++++ Entries shown ++++
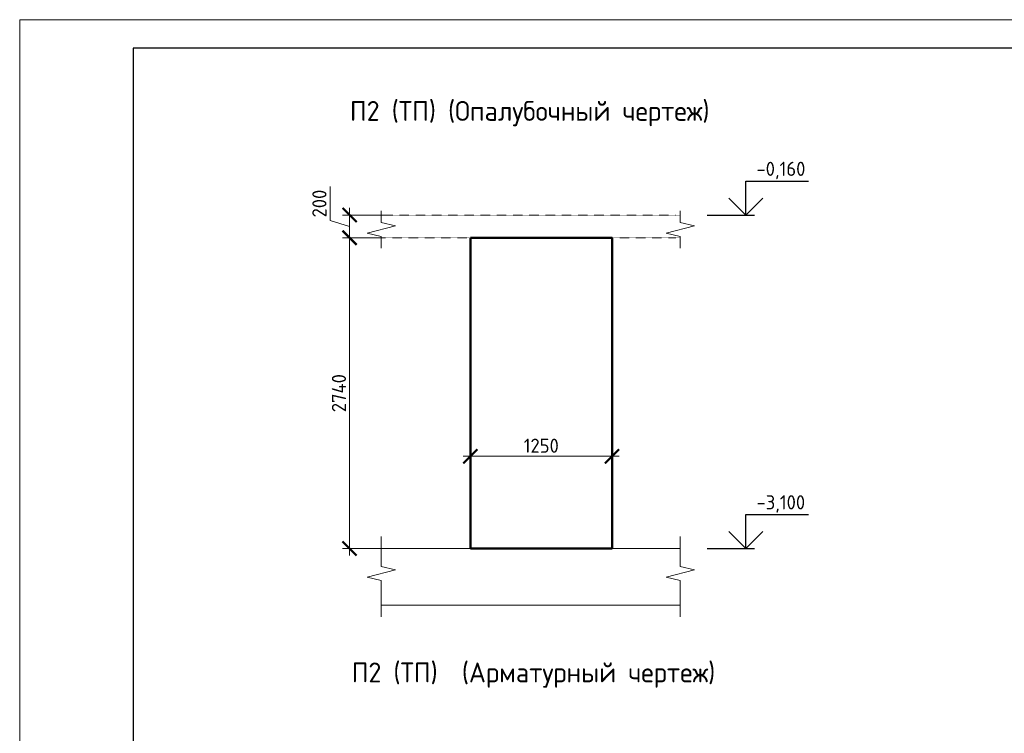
# Model space of a CAD drawing. Header units: millimetres. Extents: x 376598 to 1249954, y -318491 to -22134.
# Tile 92 of 256: x 572996 to 590355, y -300562 to -287979. Entities that reach past the tile are written whole.
import ezdxf

# ---------------------------------------------------------------- set-up
doc = ezdxf.new("R2010")
doc.units = ezdxf.units.MM
doc.linetypes.add('01 Штриховая _4 мм_', pattern=[6, 3.5, -2.5])
for name, color, linetype, lineweight in [('AF_Perekritie', 90, 'Continuous', 18), ('AF_Stena', 90, 'Continuous', 18), ('KR_Fundament', 253, 'Continuous', 18), ('РАЗМЕРЫ', 1, 'Continuous', 9), ('ТОНКИЕ', 7, 'Continuous', 9)]:
    doc.layers.add(name, color=color, linetype=linetype, lineweight=lineweight)
doc.layers.add('ТОЛСТЫЕ_ОСНОВНЫЕ', color=6, linetype='Continuous')
doc.styles.add('GOST-2.304_Type-B', font='GOST_Common.ttf')
doc.dimstyles.new('мой 25', dxfattribs={"dimscale": 100, "dimtxt": 2.5, "dimasz": 2.5, "dimexe": 1.25, "dimexo": 0.625, "dimtad": 1, "dimdec": 0, "dimlfac": 0.5, "dimtxsty": 'GOST-2.304_Type-B', "dimblk": 'ARCHTICK', "dimcen": 2.5, "dimdle": 1.25, "dimaunit": 1, "dimadec": 1, "dimazin": 2, "dimtfac": 1, "dimtdec": 0, "dimtmove": 1, "dimatfit": 3, "dimfxl": 6, "dimfxlon": 1, "dimtfill": 1, "dimlwd": -1, "dimlwe": -1, "dimarcsym": 0})

# ---------------------------------------------------------------- blocks, each defined once
blk = doc.blocks.new('_ArchTick')
at = {"color": 0, "linetype": 'ByBlock', "const_width": 0.15}
blk.add_lwpolyline([(-0.5, -0.5), (0.5, 0.5)], dxfattribs=at)
blk = doc.blocks.new('*D561')
at = {"layer": 'DEFPOINTS', "color": 0, "lineweight": 0, "transparency": 16777216}
for p in [(580941, -293880), (583441, -293880), (583441, -295678)]:
    blk.add_point(p, dxfattribs=at)
at = {"layer": 'РАЗМЕРЫ', "color": 0, "linetype": 'Continuous', "transparency": 16777216}
for p, q in [((580941, -295078), (580941, -295803)), ((583441, -295078), (583441, -295803)), ((580816, -295678), (583566, -295678))]:
    blk.add_line(p, q, dxfattribs=at)
at = {"layer": 'РАЗМЕРЫ', "color": 0, "transparency": 16777216, "xscale": 250, "yscale": 250, "zscale": 250, "rotation": 180}
blk.add_blockref('_ArchTick', (580941, -295678), dxfattribs=at)
at = {"layer": 'РАЗМЕРЫ', "color": 0, "transparency": 16777216, "xscale": 250, "yscale": 250, "zscale": 250}
blk.add_blockref('_ArchTick', (583441, -295678), dxfattribs=at)
at = {"layer": 'РАЗМЕРЫ', "color": 0, "lineweight": 0, "transparency": 16777216, "insert": (582191, -295491), "char_height": 250, "attachment_point": 5, "style": 'GOST-2.304_Type-B', "bg_fill": 3, "box_fill_scale": 1.1, "bg_fill_color": 256, "bg_fill_true_color": 13158600, "bg_fill_transparency": 0}
blk.add_mtext('1250', dxfattribs=at)
blk = doc.blocks.new('*D573')
at = {"layer": 'DEFPOINTS', "color": 0, "lineweight": 0, "transparency": 16777216}
for p in [(579731, -291424), (578812, -291824), (579731, -291824)]:
    blk.add_point(p, dxfattribs=at)
at = {"layer": 'РАЗМЕРЫ', "color": 0, "linetype": 'Continuous', "transparency": 16777216}
for p, q in [((578468, -291521), (578468, -290921)), ((579412, -291424), (578687, -291424)), ((578812, -291299), (578812, -291949)), ((578812, -291624), (578468, -291521)), ((579412, -291824), (578687, -291824))]:
    blk.add_line(p, q, dxfattribs=at)
at = {"layer": 'РАЗМЕРЫ', "color": 0, "transparency": 16777216, "xscale": 250, "yscale": 250, "zscale": 250}
for p, rotation in [((578812, -291424), 90), ((578812, -291824), 270)]:
    blk.add_blockref('_ArchTick', p, dxfattribs=dict(at, rotation=rotation))
at = {"layer": 'РАЗМЕРЫ', "color": 0, "lineweight": 0, "transparency": 16777216, "insert": (578280, -291221), "char_height": 250, "attachment_point": 5, "rotation": 90, "style": 'GOST-2.304_Type-B', "bg_fill": 3, "box_fill_scale": 1.1, "bg_fill_color": 256, "bg_fill_true_color": 13158600, "bg_fill_transparency": 0}
blk.add_mtext('200', dxfattribs=at)
blk = doc.blocks.new('*D574')
at = {"layer": 'DEFPOINTS', "color": 0, "lineweight": 0, "transparency": 16777216}
for p in [(579731, -291824), (578812, -297304), (580289, -297304)]:
    blk.add_point(p, dxfattribs=at)
at = {"layer": 'РАЗМЕРЫ', "color": 0, "linetype": 'Continuous', "transparency": 16777216}
for p, q in [((578812, -291699), (578812, -297429)), ((579412, -291824), (578687, -291824)), ((579412, -297304), (578687, -297304))]:
    blk.add_line(p, q, dxfattribs=at)
at = {"layer": 'РАЗМЕРЫ', "color": 0, "transparency": 16777216, "xscale": 250, "yscale": 250, "zscale": 250}
for p, rotation in [((578812, -291824), 90), ((578812, -297304), 270)]:
    blk.add_blockref('_ArchTick', p, dxfattribs=dict(at, rotation=rotation))
at = {"layer": 'РАЗМЕРЫ', "color": 0, "lineweight": 0, "transparency": 16777216, "insert": (578624, -294564), "char_height": 250, "attachment_point": 5, "rotation": 90, "style": 'GOST-2.304_Type-B', "bg_fill": 3, "box_fill_scale": 1.1, "bg_fill_color": 256, "bg_fill_true_color": 13158600, "bg_fill_transparency": 0}
blk.add_mtext('2740', dxfattribs=at)
blk = doc.blocks.new('*U56')
at = {"layer": 'ТОЛСТЫЕ_ОСНОВНЫЕ', "color": 6}
blk.add_lwpolyline([(20, 5), (415, 5), (415, 292), (20, 292)], close=True, dxfattribs=at)
at = {"layer": 'ТОНКИЕ'}
blk.add_lwpolyline([(0, 0), (420, 0), (420, 297), (0, 297)], close=True, dxfattribs=at)

msp = doc.modelspace()

# ---------------------------------------------------------------- linework, layer by layer
for points in [[(585799.9, -290823.7), (586905.2, -290823.7)], [(585799.9, -291423.7), (585799.9, -290823.7)], [(586099.9, -291123.7), (585799.9, -291423.7), (585499.9, -291123.7)], [(585115.3, -291423.7), (585949.9, -291423.7)], [(585799.9, -296703.7), (586905.2, -296703.7)], [(585799.9, -297303.7), (585799.9, -296703.7)], [(586099.9, -297003.7), (585799.9, -297303.7), (585499.9, -297003.7)], [(585115.3, -297303.7), (585949.9, -297303.7)]]:
    msp.add_lwpolyline(points)
at = {"layer": 'AF_Perekritie', "linetype": '01 Штриховая _4 мм_', "lineweight": 9}
for p, q in [((584560.9, -291423.7), (579370, -291423.7)), ((584561, -291423.7), (584642.3, -291423.7)), ((579370, -291823.7), (584560.9, -291823.7)), ((584642.3, -291823.7), (584561, -291823.7))]:
    msp.add_line(p, q, dxfattribs=at)
at = {"layer": 'AF_Stena', "lineweight": 50}
for p, q in [((583440.8, -291823.7), (580940.8, -291823.7)), ((580940.8, -291823.7), (580940.8, -297303.7)), ((583440.8, -297303.7), (583440.8, -291823.7)), ((580940.8, -297303.7), (583440.8, -297303.7))]:
    msp.add_line(p, q, dxfattribs=at)
at = {"layer": 'AF_Stena', "lineweight": 20}
for points in [[(579370, -291498.7), (579370, -291348.7)], [(584642.3, -291498.7), (584642.3, -291348.7)], [(579620, -291616.2), (579120, -291741.2)], [(579370, -291498.7), (579370, -291553.7)], [(579370, -291553.7), (579620, -291616.2)], [(584892.3, -291616.2), (584392.3, -291741.2)], [(584642.3, -291498.7), (584642.3, -291553.7)], [(584642.3, -291553.7), (584892.3, -291616.2)], [(579120, -291741.2), (579370, -291803.7)], [(579370, -291803.7), (579370, -291858.7)], [(584392.3, -291741.2), (584642.3, -291803.7)], [(584642.3, -291803.7), (584642.3, -291858.7)], [(579370, -291858.7), (579370, -292008.7)], [(584642.3, -291858.7), (584642.3, -292008.7)], [(579370, -297563.3), (579370, -297091.5)], [(584642.3, -297563.3), (584642.3, -297091.5)], [(579620, -297680.8), (579120, -297805.8)], [(579370, -297563.3), (579370, -297618.3)], [(579370, -297618.3), (579620, -297680.8)], [(584892.3, -297680.8), (584392.3, -297805.8)], [(584642.3, -297563.3), (584642.3, -297618.3)], [(584642.3, -297618.3), (584892.3, -297680.8)], [(579120, -297805.8), (579370, -297868.3)], [(579370, -297868.3), (579370, -297923.3)], [(584392.3, -297805.8), (584642.3, -297868.3)], [(584642.3, -297868.3), (584642.3, -297923.3)], [(579370, -297923.3), (579370, -298509)], [(584642.3, -297923.3), (584642.3, -298509)]]:
    msp.add_lwpolyline(points, dxfattribs=at)
at = {"layer": 'KR_Fundament', "lineweight": 9}
for p, q in [((584642.3, -297303.7), (579370, -297303.7)), ((579370, -298303.7), (584642.3, -298303.7))]:
    msp.add_line(p, q, dxfattribs=at)

# ---------------------------------------------------------------- texts
at = {"style": 'GOST-2.304_Type-B'}
for s, p in [('-0,160', (585985.8, -290733.7)), ('-3,100', (585985.8, -296613.7))]:
    msp.add_text(s, height=250, dxfattribs=at).set_placement(p)
at = {"layer": 'РАЗМЕРЫ', "char_height": 350, "attachment_point": 5, "style": 'GOST-2.304_Type-B'}
for s, width, insert in [('П2 (ТП) (Опалубочный чертеж)', 9816.088, (581987.7, -289635.3)), ('П2 (ТП)  (Арматурный чертеж)', 10326.693, (582053.8, -299535.8))]:
    msp.add_mtext_dynamic_manual_height_columns(s, width=width, gutter_width=625, heights=[0], dxfattribs=dict(at, insert=insert))

# ---------------------------------------------------------------- next in the draw order: dimensions: what is measured, and where the dimension line sits
at = {"layer": 'РАЗМЕРЫ', "lineweight": 0}
dim = msp.add_linear_dim(base=(578811.5, -291823.7), p1=(579730.5, -291423.7), p2=(579730.5, -291823.7), angle=90, dimstyle='мой 25', dxfattribs=at)
dim.commit()
dim.dimension.update_dxf_attribs({"geometry": '*D573', "text_midpoint": (578280.3, -291458)})
dim = msp.add_linear_dim(base=(583440.8, -295678.4), p1=(580940.8, -293880.4), p2=(583440.8, -293880.4), dimstyle='мой 25', dxfattribs=at)
dim.commit()
dim.dimension.update_dxf_attribs({"geometry": '*D561', "text_midpoint": (582190.8, -295490.9)})

# ---------------------------------------------------------------- next in the draw order: dimensions: what is measured, and where the dimension line sits
dim = msp.add_linear_dim(base=(578811.5, -297303.7), p1=(579730.5, -291823.7), p2=(580289.2, -297303.7), angle=90, dimstyle='мой 25', dxfattribs=at)
dim.commit()
dim.dimension.update_dxf_attribs({"geometry": '*D574', "text_midpoint": (578624, -294563.7)})

# ---------------------------------------------------------------- next in the draw order: block references
at = {"xscale": 100, "yscale": 100, "zscale": 100}
msp.add_blockref('*U56', (572995.7, -317678.9), dxfattribs=at)

doc.saveas('drawing.dxf')
++++
-- Exercise requirements --
Your reply should contain only an exact copy of the lines from the beginning of the material through the line with "doc.linetypes.add('01 Штриховая _4", both ends included, with the pictures removed.

-- Exercise response --
# Model space of a CAD drawing. Header units: millimetres. Extents: x 376598 to 1249954, y -318491 to -22134.
# Tile 92 of 256: x 572996 to 590355, y -300562 to -287979. Entities that reach past the tile are written whole.
import ezdxf

# ---------------------------------------------------------------- set-up
doc = ezdxf.new("R2010")
doc.units = ezdxf.units.MM
doc.linetypes.add('01 Штриховая _4 мм_', pattern=[6, 3.5, -2.5])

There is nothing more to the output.